Linking against CUDA::cuda_driver not working right with libcuda stub, wants libcuda.so.1 not libcuda.so

Artem-B · March 7, 2023, 11:40pm

Does anyone know what is going on here?

I can provide a bit of context. libcuda.so is a bit of a special snowflake.

Unlike most of the other libraries that ship with CUDA SDK, libcuda.so is provided by the NVIDIA driver, which is only installed on the machines where NVIDIA GPUs are present. This is often not the case for the machines where one builds CUDA apps.

So, in order to be able to build a functional CUDA app which uses the driver API, the executable has to be linked with stubs/libcuda.so. The stub is essentially an interface library, which only provides the symbols and allows the linker to finish linking the executable w/o complaining about the missing symbols. DT_SONAME=libcuda.so.1 of the stub is intentionally does not match the file name libcuda.so, because we do not want dynamic linker to ever load stub/libcuda.so if we were to run the executable linked with it.

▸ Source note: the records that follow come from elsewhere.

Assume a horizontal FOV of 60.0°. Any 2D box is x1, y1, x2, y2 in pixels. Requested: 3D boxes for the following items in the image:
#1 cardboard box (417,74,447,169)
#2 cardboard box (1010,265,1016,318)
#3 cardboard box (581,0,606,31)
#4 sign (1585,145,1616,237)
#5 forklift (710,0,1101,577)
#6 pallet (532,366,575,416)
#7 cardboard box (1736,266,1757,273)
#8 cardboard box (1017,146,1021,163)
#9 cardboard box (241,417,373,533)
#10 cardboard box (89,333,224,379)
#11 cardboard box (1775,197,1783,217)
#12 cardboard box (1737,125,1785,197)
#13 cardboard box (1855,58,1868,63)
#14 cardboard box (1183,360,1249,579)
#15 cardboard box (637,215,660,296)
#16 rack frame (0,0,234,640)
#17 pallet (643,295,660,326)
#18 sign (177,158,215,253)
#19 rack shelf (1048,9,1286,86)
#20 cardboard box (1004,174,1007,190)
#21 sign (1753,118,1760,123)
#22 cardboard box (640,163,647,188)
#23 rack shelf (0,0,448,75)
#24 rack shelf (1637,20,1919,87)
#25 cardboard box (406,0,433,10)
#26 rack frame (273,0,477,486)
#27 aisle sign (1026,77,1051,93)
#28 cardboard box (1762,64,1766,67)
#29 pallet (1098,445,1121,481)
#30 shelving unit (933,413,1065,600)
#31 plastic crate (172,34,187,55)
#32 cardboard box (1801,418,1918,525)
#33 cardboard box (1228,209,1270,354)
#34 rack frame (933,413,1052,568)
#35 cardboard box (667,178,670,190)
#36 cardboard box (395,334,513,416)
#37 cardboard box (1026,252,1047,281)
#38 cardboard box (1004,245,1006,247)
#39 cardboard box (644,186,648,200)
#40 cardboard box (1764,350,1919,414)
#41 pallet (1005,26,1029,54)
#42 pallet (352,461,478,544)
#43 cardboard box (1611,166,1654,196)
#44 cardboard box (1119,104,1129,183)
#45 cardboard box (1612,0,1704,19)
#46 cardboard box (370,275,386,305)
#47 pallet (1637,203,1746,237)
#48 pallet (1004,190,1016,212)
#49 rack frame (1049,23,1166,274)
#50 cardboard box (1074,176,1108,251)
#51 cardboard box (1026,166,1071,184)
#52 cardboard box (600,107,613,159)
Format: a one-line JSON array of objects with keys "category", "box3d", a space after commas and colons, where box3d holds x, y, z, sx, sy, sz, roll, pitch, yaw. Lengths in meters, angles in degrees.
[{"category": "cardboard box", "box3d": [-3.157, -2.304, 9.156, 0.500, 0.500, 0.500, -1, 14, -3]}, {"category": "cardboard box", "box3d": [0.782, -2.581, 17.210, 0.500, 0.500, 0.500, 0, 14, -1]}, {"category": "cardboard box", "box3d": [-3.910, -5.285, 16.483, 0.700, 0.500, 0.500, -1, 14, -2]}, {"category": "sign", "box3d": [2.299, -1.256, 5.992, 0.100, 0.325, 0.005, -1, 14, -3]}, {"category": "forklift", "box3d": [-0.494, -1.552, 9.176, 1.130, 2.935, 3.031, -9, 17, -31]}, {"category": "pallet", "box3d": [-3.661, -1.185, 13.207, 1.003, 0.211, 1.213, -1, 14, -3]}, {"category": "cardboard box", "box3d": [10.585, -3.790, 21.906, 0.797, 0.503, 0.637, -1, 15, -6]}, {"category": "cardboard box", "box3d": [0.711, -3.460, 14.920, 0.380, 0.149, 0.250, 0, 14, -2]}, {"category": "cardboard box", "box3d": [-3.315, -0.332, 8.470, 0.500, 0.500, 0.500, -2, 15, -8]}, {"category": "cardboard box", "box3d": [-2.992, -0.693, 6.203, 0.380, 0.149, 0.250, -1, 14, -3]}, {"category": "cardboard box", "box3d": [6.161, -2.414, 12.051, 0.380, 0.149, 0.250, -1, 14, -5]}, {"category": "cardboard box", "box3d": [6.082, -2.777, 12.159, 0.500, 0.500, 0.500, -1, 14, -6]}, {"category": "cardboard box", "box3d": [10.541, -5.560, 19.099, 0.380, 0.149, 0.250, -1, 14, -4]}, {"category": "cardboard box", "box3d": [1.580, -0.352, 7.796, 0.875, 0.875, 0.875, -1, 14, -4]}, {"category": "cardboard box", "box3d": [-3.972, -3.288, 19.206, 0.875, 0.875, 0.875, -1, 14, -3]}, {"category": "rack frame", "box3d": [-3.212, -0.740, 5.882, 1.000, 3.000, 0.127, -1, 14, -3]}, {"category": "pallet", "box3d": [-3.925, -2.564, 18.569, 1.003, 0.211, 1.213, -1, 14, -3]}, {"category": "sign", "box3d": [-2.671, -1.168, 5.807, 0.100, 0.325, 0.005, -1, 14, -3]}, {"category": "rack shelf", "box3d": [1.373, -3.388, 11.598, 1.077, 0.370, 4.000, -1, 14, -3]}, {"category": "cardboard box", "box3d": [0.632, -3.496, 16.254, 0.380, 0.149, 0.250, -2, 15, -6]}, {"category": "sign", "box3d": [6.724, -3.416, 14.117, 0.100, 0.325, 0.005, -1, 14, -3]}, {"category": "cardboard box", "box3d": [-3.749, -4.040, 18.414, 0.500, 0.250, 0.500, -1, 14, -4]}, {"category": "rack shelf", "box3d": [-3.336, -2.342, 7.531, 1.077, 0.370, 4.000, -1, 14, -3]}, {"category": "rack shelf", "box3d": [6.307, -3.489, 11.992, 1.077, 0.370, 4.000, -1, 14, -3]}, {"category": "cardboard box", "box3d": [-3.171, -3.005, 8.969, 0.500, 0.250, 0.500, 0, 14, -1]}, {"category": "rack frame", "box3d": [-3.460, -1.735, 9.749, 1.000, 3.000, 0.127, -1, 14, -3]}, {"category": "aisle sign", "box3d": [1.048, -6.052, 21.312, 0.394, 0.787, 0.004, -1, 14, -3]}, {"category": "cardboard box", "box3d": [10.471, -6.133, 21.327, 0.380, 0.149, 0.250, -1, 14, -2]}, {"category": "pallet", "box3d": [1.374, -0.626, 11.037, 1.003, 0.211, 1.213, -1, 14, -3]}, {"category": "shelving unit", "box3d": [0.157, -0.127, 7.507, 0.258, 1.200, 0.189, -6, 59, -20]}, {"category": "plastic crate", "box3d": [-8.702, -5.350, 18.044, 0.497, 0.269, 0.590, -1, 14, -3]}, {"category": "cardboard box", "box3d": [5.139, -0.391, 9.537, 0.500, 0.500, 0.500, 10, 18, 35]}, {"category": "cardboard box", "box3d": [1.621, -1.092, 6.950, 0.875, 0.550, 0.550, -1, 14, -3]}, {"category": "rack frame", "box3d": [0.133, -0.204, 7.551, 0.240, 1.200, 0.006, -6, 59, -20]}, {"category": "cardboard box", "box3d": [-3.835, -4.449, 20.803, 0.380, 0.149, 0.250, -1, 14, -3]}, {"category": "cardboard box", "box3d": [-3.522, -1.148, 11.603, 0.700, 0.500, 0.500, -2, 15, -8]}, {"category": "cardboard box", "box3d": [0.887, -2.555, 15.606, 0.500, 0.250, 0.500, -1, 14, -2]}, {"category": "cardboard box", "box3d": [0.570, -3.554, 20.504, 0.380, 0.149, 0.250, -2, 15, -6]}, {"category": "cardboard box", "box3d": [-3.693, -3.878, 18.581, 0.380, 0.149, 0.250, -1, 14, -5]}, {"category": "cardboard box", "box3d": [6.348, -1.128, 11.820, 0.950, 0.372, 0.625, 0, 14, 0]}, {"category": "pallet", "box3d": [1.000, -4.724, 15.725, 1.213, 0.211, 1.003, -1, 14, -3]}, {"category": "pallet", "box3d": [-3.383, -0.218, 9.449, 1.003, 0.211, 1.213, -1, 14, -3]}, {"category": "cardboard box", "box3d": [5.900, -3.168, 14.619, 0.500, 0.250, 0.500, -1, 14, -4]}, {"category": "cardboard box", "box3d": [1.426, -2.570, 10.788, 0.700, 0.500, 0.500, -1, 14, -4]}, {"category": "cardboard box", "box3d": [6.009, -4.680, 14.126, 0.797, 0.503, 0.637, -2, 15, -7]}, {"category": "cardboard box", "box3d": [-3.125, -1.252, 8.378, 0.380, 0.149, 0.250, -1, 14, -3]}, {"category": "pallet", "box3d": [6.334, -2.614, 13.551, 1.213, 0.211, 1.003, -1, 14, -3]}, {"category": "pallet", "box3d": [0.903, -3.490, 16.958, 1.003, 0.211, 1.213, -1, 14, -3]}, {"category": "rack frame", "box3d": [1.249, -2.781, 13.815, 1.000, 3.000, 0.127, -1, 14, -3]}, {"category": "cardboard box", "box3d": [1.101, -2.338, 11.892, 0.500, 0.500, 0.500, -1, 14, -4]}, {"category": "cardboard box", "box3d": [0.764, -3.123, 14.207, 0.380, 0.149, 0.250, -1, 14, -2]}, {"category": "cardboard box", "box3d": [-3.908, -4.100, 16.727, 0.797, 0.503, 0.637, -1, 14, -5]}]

Instead, when the executable is run, dynamic linker will go searching for libcuda.so.1 among the shared libraries in the standard search path. On machines where NVIDIA driver is installed, it will find the real libcuda.so.1.X.Y provided by the driver vX.Y. On machines w/o the GPU the execution will be expected to fail due to the missing libcuda.so.

If one needs the application to run on machines where libcuda.so is unavailable, then the standard approach is to not link with libcuda.so (stub or real) but instead dlopen(libcuda.so.1) and use dlsym to find the pointers to the appropriate driver API functions. This is how libcudart.so operates under the hood.